Communities living at the foot of the Alps need a way to predict the occurrence of avalanches for timely evacuation, but monitoring the entire Alpine range is impossible. Fortunately for those near the Alps, the study of granular materials has allowed scientists to move mountains into labs and use small, contained systems (like piles of rice) to simulate real-world avalanche conditions. Granular materials, by definition, are conglomerates of discrete visible particles that lose kinetic energy during internal collisions; they are neither too small to be invisible to the naked eye, nor too big to be studied as distinct objects.1 The size of granular material situates them between common objects and individual molecules.

While studying extremely small particles, scientists stumbled upon an unsettling contradiction: the classical laws governing the macroscopic universe do not always apply at microscopic scales.
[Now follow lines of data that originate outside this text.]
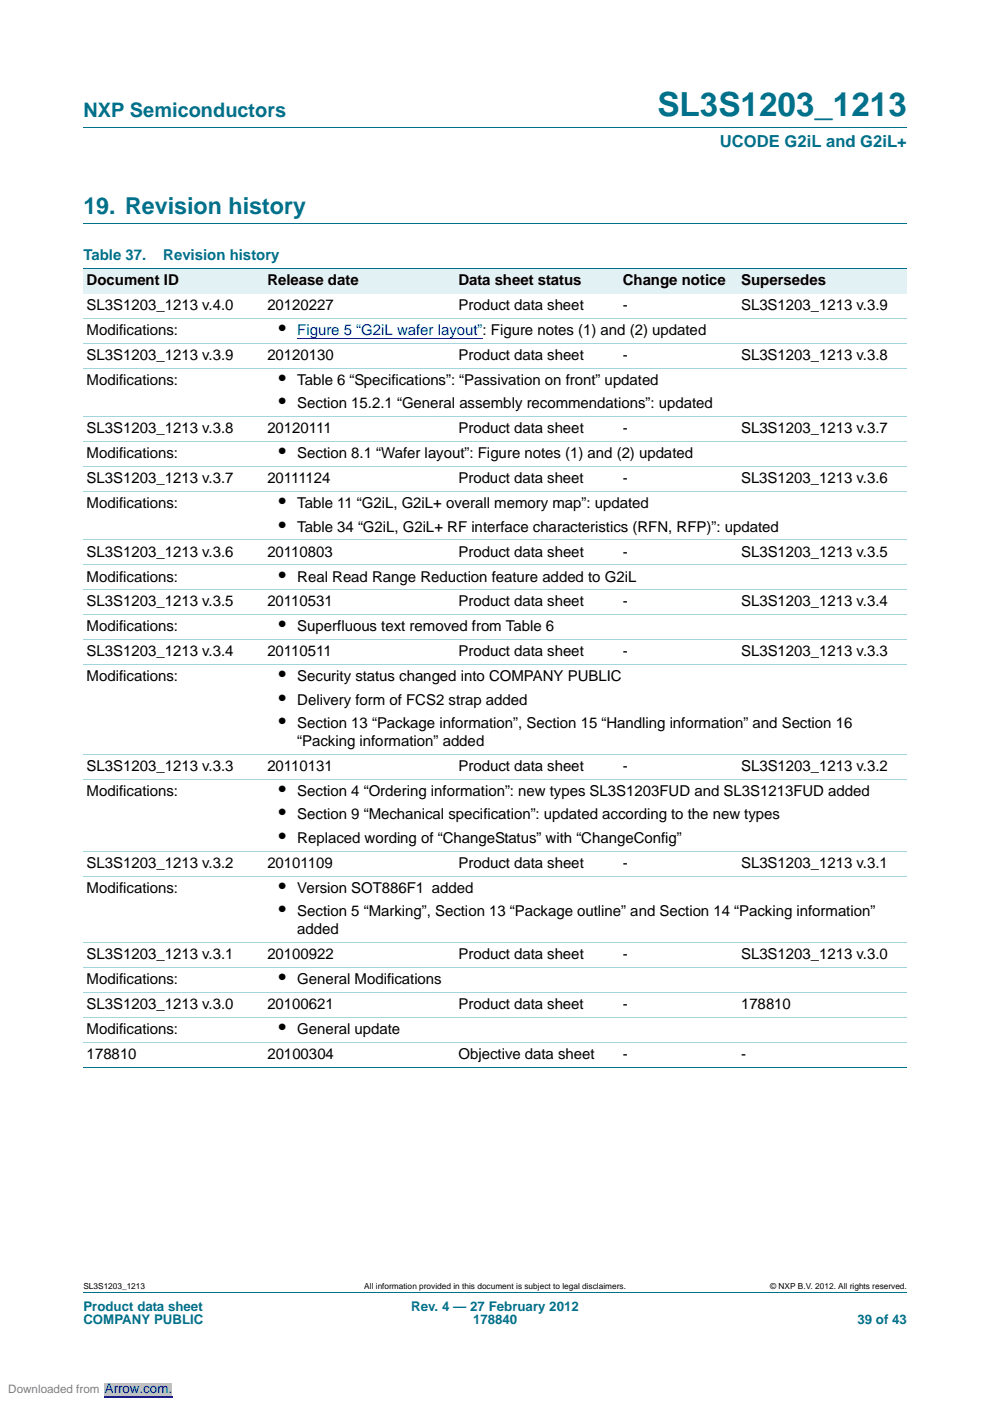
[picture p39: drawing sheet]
<svg xmlns="http://www.w3.org/2000/svg" width="210mm" height="297mm" viewBox="0 0 210 297" stroke-linecap="round" stroke-linejoin="round" font-family="sans-serif">
<defs><g id="words">
<text font-size="7" fill="#00718a" x="139.4" y="24.6">SL3S1203_1213</text>
<text font-size="4.9" fill="#00718a" x="17.7" y="45.4">19. Revision history</text>
<text font-size="4.2" fill="#00718a" x="17.7" y="24.9">NXP Semiconductors</text>
<g font-size="4.2">
<text x="59.1" y="71.1">•</text>
<text x="59.1" y="81.7">•</text>
<text x="59.1" y="86.6">•</text>
<text x="59.1" y="97.2">•</text>
<text x="59.1" y="107.8">•</text>
<text x="59.1" y="112.7">•</text>
<text x="59.1" y="123.3">•</text>
<text x="59.1" y="133.9">•</text>
<text x="59.1" y="144.5">•</text>
<text x="59.1" y="149.4">•</text>
<text x="59.1" y="154.3">•</text>
<text x="59.1" y="168.8">•</text>
<text x="59.1" y="173.7">•</text>
<text x="59.1" y="178.7">•</text>
<text x="59.1" y="189.3">•</text>
<text x="59.1" y="194.2">•</text>
<text x="59.1" y="208.7">•</text>
<text x="59.1" y="219.2">•</text>
</g>
<text font-size="3.5" fill="#00718a" x="152.6" y="31.1">UCODE G2iL and G2iL+</text>
<g font-size="3.2" fill="#00718a">
<text x="17.7" y="55.2">Table 37.</text>
<text x="34.6" y="55.2">Revision history</text>
</g>
<g font-size="3.2">
<text x="18.4" y="65.8">SL3S1203_1213 v.4.0</text>
<text x="18.4" y="60.5">Document ID</text>
<text x="56.7" y="65.8">20120227</text>
<text x="56.7" y="60.5">Release date</text>
<text x="97.2" y="60.5">Data sheet status</text>
<text x="97.2" y="65.8">Product data sheet</text>
<text x="132" y="65.8">-</text>
<text x="132" y="60.5">Change notice</text>
<text x="157.1" y="65.8">SL3S1203_1213 v.3.9</text>
<text x="157.1" y="60.5">Supersedes</text>
<text x="18.4" y="71.1">Modifications:</text>
<text x="18.4" y="76.4">SL3S1203_1213 v.3.9</text>
<text x="56.7" y="76.4">20120130</text>
<text x="97.2" y="76.4">Product data sheet</text>
<text x="132" y="76.4">-</text>
<text x="157.1" y="76.4">SL3S1203_1213 v.3.8</text>
<text x="18.4" y="81.7">Modifications:</text>
<text x="63" y="81.7">Table 6 “Specifications”: “Passivation on front” updated</text>
<text x="63" y="86.6">Section 15.2.1 “General assembly recommendations”: updated</text>
<text x="18.4" y="91.9">SL3S1203_1213 v.3.8</text>
<text x="56.7" y="91.9">20120111</text>
<text x="97.2" y="91.9">Product data sheet</text>
<text x="132" y="91.9">-</text>
<text x="157.1" y="91.9">SL3S1203_1213 v.3.7</text>
<text x="18.4" y="97.2">Modifications:</text>
<text x="63" y="97.2">Section 8.1 “Wafer layout”: Figure notes (1) and (2) updated</text>
<text x="18.4" y="102.5">SL3S1203_1213 v.3.7</text>
<text x="18.4" y="107.8">Modifications:</text>
<text x="56.7" y="102.5">20111124</text>
<text x="63" y="107.8">Table 11 “G2iL, G2iL+ overall memory map”: updated</text>
<text x="97.2" y="102.5">Product data sheet</text>
<text x="132" y="102.5">-</text>
<text x="157.1" y="102.5">SL3S1203_1213 v.3.6</text>
<text x="63" y="112.7">Table 34 “G2iL, G2iL+ RF interface characteristics (RFN, RFP)”: updated</text>
<text x="18.4" y="118">SL3S1203_1213 v.3.6</text>
<text x="56.7" y="118">20110803</text>
<text x="97.2" y="118">Product data sheet</text>
<text x="132" y="118">-</text>
<text x="157.1" y="118">SL3S1203_1213 v.3.5</text>
<text x="18.4" y="123.3">Modifications:</text>
<text x="63" y="123.3">Real Read Range Reduction feature added to G2iL</text>
<text x="18.4" y="128.6">SL3S1203_1213 v.3.5</text>
<text x="56.7" y="128.6">20110531</text>
<text x="97.2" y="128.6">Product data sheet</text>
<text x="132" y="128.6">-</text>
<text x="157.1" y="128.6">SL3S1203_1213 v.3.4</text>
<text x="18.4" y="133.9">Modifications:</text>
<text x="63" y="133.9">Superfluous text removed from Table 6</text>
<text x="18.4" y="139.2">SL3S1203_1213 v.3.4</text>
<text x="56.7" y="139.2">20110511</text>
<text x="97.2" y="139.2">Product data sheet</text>
<text x="132" y="139.2">-</text>
<text x="157.1" y="139.2">SL3S1203_1213 v.3.3</text>
<text x="18.4" y="144.5">Modifications:</text>
<text x="63" y="144.5">Security status changed into COMPANY PUBLIC</text>
<text x="63" y="149.4">Delivery form of FCS2 strap added</text>
<text x="63" y="154.3">Section 13 “Package information”, Section 15 “Handling information” and Section 16</text>
<text x="63" y="158.2">“Packing information” added</text>
<text x="18.4" y="163.5">SL3S1203_1213 v.3.3</text>
<text x="56.7" y="163.5">20110131</text>
<text x="97.2" y="163.5">Product data sheet</text>
<text x="132" y="163.5">-</text>
<text x="157.1" y="163.5">SL3S1203_1213 v.3.2</text>
<text x="18.4" y="168.8">Modifications:</text>
<text x="63" y="168.8">Section 4 “Ordering information”: new types SL3S1203FUD and SL3S1213FUD added</text>
<text x="63" y="173.7">Section 9 “Mechanical specification”: updated according to the new types</text>
<text x="63" y="178.7">Replaced wording of “ChangeStatus” with “ChangeConfig”</text>
<text x="18.4" y="184">SL3S1203_1213 v.3.2</text>
<text x="56.7" y="184">20101109</text>
<text x="97.2" y="184">Product data sheet</text>
<text x="132" y="184">-</text>
<text x="157.1" y="184">SL3S1203_1213 v.3.1</text>
<text x="18.4" y="189.3">Modifications:</text>
<text x="63" y="189.3">Version SOT886F1 added</text>
<text x="63" y="194.2">Section 5 “Marking”, Section 13 “Package outline” and Section 14 “Packing information”</text>
<text x="18.4" y="203.4">SL3S1203_1213 v.3.1</text>
<text x="56.7" y="203.4">20100922</text>
<text x="63" y="198.1">added</text>
<text x="97.2" y="203.4">Product data sheet</text>
<text x="132" y="203.4">-</text>
<text x="157.1" y="203.4">SL3S1203_1213 v.3.0</text>
<text x="18.4" y="208.7">Modifications:</text>
<text x="63" y="208.7">General Modifications</text>
<text x="18.4" y="214">SL3S1203_1213 v.3.0</text>
<text x="56.7" y="214">20100621</text>
<text x="97.2" y="214">Product data sheet</text>
<text x="132" y="214">-</text>
<text x="157.1" y="214">178810</text>
<text x="18.4" y="219.2">Modifications:</text>
<text x="63" y="219.2">General update</text>
<text x="18.4" y="224.5">178810</text>
<text x="56.7" y="224.5">20100304</text>
<text x="97.2" y="224.5">Objective data sheet</text>
<text x="132" y="224.5">-</text>
<text x="157.1" y="224.5">-</text>
</g>
<text font-size="3.2" fill="#00f" x="63" y="71.1">Figure 5 “G2iL wafer layout”: Figure notes (1) and (2) updated</text>
<g font-size="2.8" fill="#00718a">
<text x="17.7" y="277.9">Product data sheet</text>
<text x="17.7" y="280.8">COMPANY PUBLIC</text>
<text x="87.2" y="277.9">Rev. 4 — 27 February 2012</text>
<text x="100.3" y="280.8">178840</text>
<text x="181.8" y="280.8">39 of 43</text>
</g>
<text font-size="2.8" fill="#00f" x="22.2" y="295.3">Arrow.com.</text>
<text font-size="2.5" fill="#808080" x="1.8" y="295.3">Downloaded from</text>
<g font-size="1.8">
<text x="17.7" y="273.3">SL3S1203_1213</text>
<text x="77.2" y="273.3">All information provided in this document is subject to legal disclaimers.</text>
<text x="163.3" y="273.3">© NXP B.V. 2012. All rights reserved.</text>
</g>
</g></defs>
<path d="M17.7 27h174.6M17.7 47.4h174.6M17.7 273.9h174.6" fill="none" stroke="#00718a" stroke-width=".21"/>
<g fill="#e2f1f4">
<path d="M17.7 57h38.3v5.3h-38.3z"/>
<path d="M56 57h40.5v5.3h-40.5z"/>
<path d="M96.5 57h34.8v5.3h-34.8z"/>
<path d="M131.3 57h25.1v5.3h-25.1z"/>
<path d="M156.4 57h35.9v5.3h-35.9z"/>
</g>
<path d="M63 71.8h38.3" fill="none" stroke="#00f" stroke-width=".21"/>
<path d="M101.3 71.7h1v.2h-1z" fill="#00f"/>
<path d="M17.7 57h174.6M17.7 226.3h174.6" fill="none" stroke="#00718a" stroke-width=".21"/>
<g fill="none" stroke="#a5d5dc" stroke-width=".21">
<path d="M17.7 67.5h174.6M17.7 72.8h174.6M17.7 78.1h174.6M17.7 88.4h174.6M17.7 93.7h174.6M17.7 99h174.6M17.7 104.2h174.6M17.7 114.5h174.6M17.7 119.8h174.6M17.7 125.1h174.6M17.7 130.3h174.6M17.7 135.6h174.6"/>
<path d="M17.7 140.9h174.6M17.7 160h174.6M17.7 165.3h174.6M17.7 180.4h174.6M17.7 185.7h174.6M17.7 199.9h174.6M17.7 205.1h174.6M17.7 210.4h174.6M17.7 215.7h174.6M17.7 221h174.6"/>
</g>
<path d="M0 294.6h70.6" fill="none" stroke="#fff" stroke-width="2.5" stroke-linecap="butt"/>
<path d="M22.2 293.3h14.3v2.6h-14.3z" fill="#c0c0c0"/>
<path d="M22.2 296.2h14.3" fill="none" stroke="#00f" stroke-width=".21"/>
<path d="M0 294.6h70.6" fill="none" stroke="#fff" stroke-width="2.5" stroke-linecap="butt"/>
<path d="M22.2 293.3h14.3v2.6h-14.3z" fill="#c0c0c0"/>
<path d="M22.2 296.2h14.3" fill="none" stroke="#00f" stroke-width=".21"/>
<path d="M0 294.6h70.6" fill="none" stroke="#fff" stroke-width="2.5" stroke-linecap="butt"/>
<path d="M22.2 293.3h14.3v2.6h-14.3z" fill="#c0c0c0"/>
<path d="M22.2 296.2h14.3" fill="none" stroke="#00f" stroke-width=".21"/>
<path d="M0 294.6h70.6" fill="none" stroke="#fff" stroke-width="2.5" stroke-linecap="butt"/>
<path d="M22.2 293.3h14.3v2.6h-14.3z" fill="#c0c0c0"/>
<path d="M22.2 296.2h14.3" fill="none" stroke="#00f" stroke-width=".21"/>
<path d="M0 294.6h70.6" fill="none" stroke="#fff" stroke-width="2.5" stroke-linecap="butt"/>
<path d="M22.2 293.3h14.3v2.6h-14.3z" fill="#c0c0c0"/>
<path d="M22.2 296.2h14.3" fill="none" stroke="#00f" stroke-width=".21"/>
<path d="M0 294.6h70.6" fill="none" stroke="#fff" stroke-width="2.5" stroke-linecap="butt"/>
<path d="M22.2 293.3h14.3v2.6h-14.3z" fill="#c0c0c0"/>
<path d="M22.2 296.2h14.3" fill="none" stroke="#00f" stroke-width=".21"/>
<path d="M0 294.6h70.6" fill="none" stroke="#fff" stroke-width="2.5" stroke-linecap="butt"/>
<path d="M22.2 293.3h14.3v2.6h-14.3z" fill="#c0c0c0"/>
<path d="M22.2 296.2h14.3" fill="none" stroke="#00f" stroke-width=".21"/>
<path d="M0 294.6h70.6" fill="none" stroke="#fff" stroke-width="2.5" stroke-linecap="butt"/>
<path d="M22.2 293.3h14.3v2.6h-14.3z" fill="#c0c0c0"/>
<path d="M22.2 296.2h14.3" fill="none" stroke="#00f" stroke-width=".21"/>
<path d="M0 294.6h70.6" fill="none" stroke="#fff" stroke-width="2.5" stroke-linecap="butt"/>
<path d="M22.2 293.3h14.3v2.6h-14.3z" fill="#c0c0c0"/>
<path d="M22.2 296.2h14.3" fill="none" stroke="#00f" stroke-width=".21"/>
<path d="M0 294.6h70.6" fill="none" stroke="#fff" stroke-width="2.5" stroke-linecap="butt"/>
<path d="M22.2 293.3h14.3v2.6h-14.3z" fill="#c0c0c0"/>
<path d="M22.2 296.2h14.3" fill="none" stroke="#00f" stroke-width=".21"/>
<path d="M0 294.6h70.6" fill="none" stroke="#fff" stroke-width="2.5" stroke-linecap="butt"/>
<path d="M22.2 293.3h14.3v2.6h-14.3z" fill="#c0c0c0"/>
<path d="M22.2 296.2h14.3" fill="none" stroke="#00f" stroke-width=".21"/>
<path d="M0 294.6h70.6" fill="none" stroke="#fff" stroke-width="2.5" stroke-linecap="butt"/>
<path d="M22.2 293.3h14.3v2.6h-14.3z" fill="#c0c0c0"/>
<path d="M22.2 296.2h14.3" fill="none" stroke="#00f" stroke-width=".21"/>
<path d="M0 294.6h70.6" fill="none" stroke="#fff" stroke-width="2.5" stroke-linecap="butt"/>
<path d="M22.2 293.3h14.3v2.6h-14.3z" fill="#c0c0c0"/>
<path d="M22.2 296.2h14.3" fill="none" stroke="#00f" stroke-width=".21"/>
<path d="M0 294.6h70.6" fill="none" stroke="#fff" stroke-width="2.5" stroke-linecap="butt"/>
<path d="M22.2 293.3h14.3v2.6h-14.3z" fill="#c0c0c0"/>
<path d="M22.2 296.2h14.3" fill="none" stroke="#00f" stroke-width=".21"/>
<path d="M0 294.6h70.6" fill="none" stroke="#fff" stroke-width="2.5" stroke-linecap="butt"/>
<path d="M22.2 293.3h14.3v2.6h-14.3z" fill="#c0c0c0"/>
<path d="M22.2 296.2h14.3" fill="none" stroke="#00f" stroke-width=".21"/>
<path d="M0 294.6h70.6" fill="none" stroke="#fff" stroke-width="2.5" stroke-linecap="butt"/>
<path d="M22.2 293.3h14.3v2.6h-14.3z" fill="#c0c0c0"/>
<path d="M22.2 296.2h14.3" fill="none" stroke="#00f" stroke-width=".21"/>
<path d="M0 294.6h70.6" fill="none" stroke="#fff" stroke-width="2.5" stroke-linecap="butt"/>
<path d="M22.2 293.3h14.3v2.6h-14.3z" fill="#c0c0c0"/>
<path d="M22.2 296.2h14.3" fill="none" stroke="#00f" stroke-width=".21"/>
<path d="M0 294.6h70.6" fill="none" stroke="#fff" stroke-width="2.5" stroke-linecap="butt"/>
<path d="M22.2 293.3h14.3v2.6h-14.3z" fill="#c0c0c0"/>
<path d="M22.2 296.2h14.3" fill="none" stroke="#00f" stroke-width=".21"/>
<path d="M0 294.6h70.6" fill="none" stroke="#fff" stroke-width="2.5" stroke-linecap="butt"/>
<path d="M22.2 293.3h14.3v2.6h-14.3z" fill="#c0c0c0"/>
<path d="M22.2 296.2h14.3" fill="none" stroke="#00f" stroke-width=".21"/>
<path d="M0 294.6h70.6" fill="none" stroke="#fff" stroke-width="2.5" stroke-linecap="butt"/>
<path d="M22.2 293.3h14.3v2.6h-14.3z" fill="#c0c0c0"/>
<path d="M22.2 296.2h14.3" fill="none" stroke="#00f" stroke-width=".21"/>
<path d="M0 294.6h70.6" fill="none" stroke="#fff" stroke-width="2.5" stroke-linecap="butt"/>
<path d="M22.2 293.3h14.3v2.6h-14.3z" fill="#c0c0c0"/>
<path d="M22.2 296.2h14.3" fill="none" stroke="#00f" stroke-width=".21"/>
<path d="M0 294.6h70.6" fill="none" stroke="#fff" stroke-width="2.5" stroke-linecap="butt"/>
<path d="M22.2 293.3h14.3v2.6h-14.3z" fill="#c0c0c0"/>
<path d="M22.2 296.2h14.3" fill="none" stroke="#00f" stroke-width=".21"/>
<path d="M0 294.6h70.6" fill="none" stroke="#fff" stroke-width="2.5" stroke-linecap="butt"/>
<path d="M22.2 293.3h14.3v2.6h-14.3z" fill="#c0c0c0"/>
<path d="M22.2 296.2h14.3" fill="none" stroke="#00f" stroke-width=".21"/>
<path d="M0 294.6h70.6" fill="none" stroke="#fff" stroke-width="2.5" stroke-linecap="butt"/>
<path d="M22.2 293.3h14.3v2.6h-14.3z" fill="#c0c0c0"/>
<path d="M22.2 296.2h14.3" fill="none" stroke="#00f" stroke-width=".21"/>
<path d="M0 294.6h70.6" fill="none" stroke="#fff" stroke-width="2.5" stroke-linecap="butt"/>
<path d="M22.2 293.3h14.3v2.6h-14.3z" fill="#c0c0c0"/>
<path d="M22.2 296.2h14.3" fill="none" stroke="#00f" stroke-width=".21"/>
<path d="M0 294.6h70.6" fill="none" stroke="#fff" stroke-width="2.5" stroke-linecap="butt"/>
<path d="M22.2 293.3h14.3v2.6h-14.3z" fill="#c0c0c0"/>
<path d="M22.2 296.2h14.3" fill="none" stroke="#00f" stroke-width=".21"/>
<path d="M0 294.6h70.6" fill="none" stroke="#fff" stroke-width="2.5" stroke-linecap="butt"/>
<path d="M22.2 293.3h14.3v2.6h-14.3z" fill="#c0c0c0"/>
<path d="M22.2 296.2h14.3" fill="none" stroke="#00f" stroke-width=".21"/>
<path d="M0 294.6h70.6" fill="none" stroke="#fff" stroke-width="2.5" stroke-linecap="butt"/>
<path d="M22.2 293.3h14.3v2.6h-14.3z" fill="#c0c0c0"/>
<path d="M22.2 296.2h14.3" fill="none" stroke="#00f" stroke-width=".21"/>
<path d="M0 294.6h70.6" fill="none" stroke="#fff" stroke-width="2.5" stroke-linecap="butt"/>
<path d="M22.2 293.3h14.3v2.6h-14.3z" fill="#c0c0c0"/>
<path d="M22.2 296.2h14.3" fill="none" stroke="#00f" stroke-width=".21"/>
<path d="M0 294.6h70.6" fill="none" stroke="#fff" stroke-width="2.5" stroke-linecap="butt"/>
<path d="M22.2 293.3h14.3v2.6h-14.3z" fill="#c0c0c0"/>
<path d="M22.2 296.2h14.3" fill="none" stroke="#00f" stroke-width=".21"/>
<path d="M0 294.6h70.6" fill="none" stroke="#fff" stroke-width="2.5" stroke-linecap="butt"/>
<path d="M22.2 293.3h14.3v2.6h-14.3z" fill="#c0c0c0"/>
<path d="M22.2 296.2h14.3" fill="none" stroke="#00f" stroke-width=".21"/>
<path d="M0 294.6h70.6" fill="none" stroke="#fff" stroke-width="2.5" stroke-linecap="butt"/>
<path d="M22.2 293.3h14.3v2.6h-14.3z" fill="#c0c0c0"/>
<path d="M22.2 296.2h14.3" fill="none" stroke="#00f" stroke-width=".21"/>
<path d="M0 294.6h70.6" fill="none" stroke="#fff" stroke-width="2.5" stroke-linecap="butt"/>
<path d="M22.2 293.3h14.3v2.6h-14.3z" fill="#c0c0c0"/>
<path d="M22.2 296.2h14.3" fill="none" stroke="#00f" stroke-width=".21"/>
<path d="M0 294.6h70.6" fill="none" stroke="#fff" stroke-width="2.5" stroke-linecap="butt"/>
<path d="M22.2 293.3h14.3v2.6h-14.3z" fill="#c0c0c0"/>
<path d="M22.2 296.2h14.3" fill="none" stroke="#00f" stroke-width=".21"/>
<path d="M0 294.6h70.6" fill="none" stroke="#fff" stroke-width="2.5" stroke-linecap="butt"/>
<path d="M22.2 293.3h14.3v2.6h-14.3z" fill="#c0c0c0"/>
<path d="M22.2 296.2h14.3" fill="none" stroke="#00f" stroke-width=".21"/>
<path d="M0 294.6h70.6" fill="none" stroke="#fff" stroke-width="2.5" stroke-linecap="butt"/>
<path d="M22.2 293.3h14.3v2.6h-14.3z" fill="#c0c0c0"/>
<path d="M22.2 296.2h14.3" fill="none" stroke="#00f" stroke-width=".21"/>
<path d="M0 294.6h70.6" fill="none" stroke="#fff" stroke-width="2.5" stroke-linecap="butt"/>
<path d="M22.2 293.3h14.3v2.6h-14.3z" fill="#c0c0c0"/>
<path d="M22.2 296.2h14.3" fill="none" stroke="#00f" stroke-width=".21"/>
<path d="M0 294.6h70.6" fill="none" stroke="#fff" stroke-width="2.5" stroke-linecap="butt"/>
<path d="M22.2 293.3h14.3v2.6h-14.3z" fill="#c0c0c0"/>
<path d="M22.2 296.2h14.3" fill="none" stroke="#00f" stroke-width=".21"/>
<path d="M0 294.6h70.6" fill="none" stroke="#fff" stroke-width="2.5" stroke-linecap="butt"/>
<path d="M22.2 293.3h14.3v2.6h-14.3z" fill="#c0c0c0"/>
<path d="M22.2 296.2h14.3" fill="none" stroke="#00f" stroke-width=".21"/>
<use href="#words"/>
</svg>

For example, Niels Bohr sought to apply classical mechanics to explain the orbits of electrons around nuclei by comparing them to the rotation of planets around stars. However, it was later discovered that an electron behaves in a much more complicated way than Bohr had anticipated. At its size, the electron gained properties that could only be described through an entirely new set of laws known as quantum mechanics.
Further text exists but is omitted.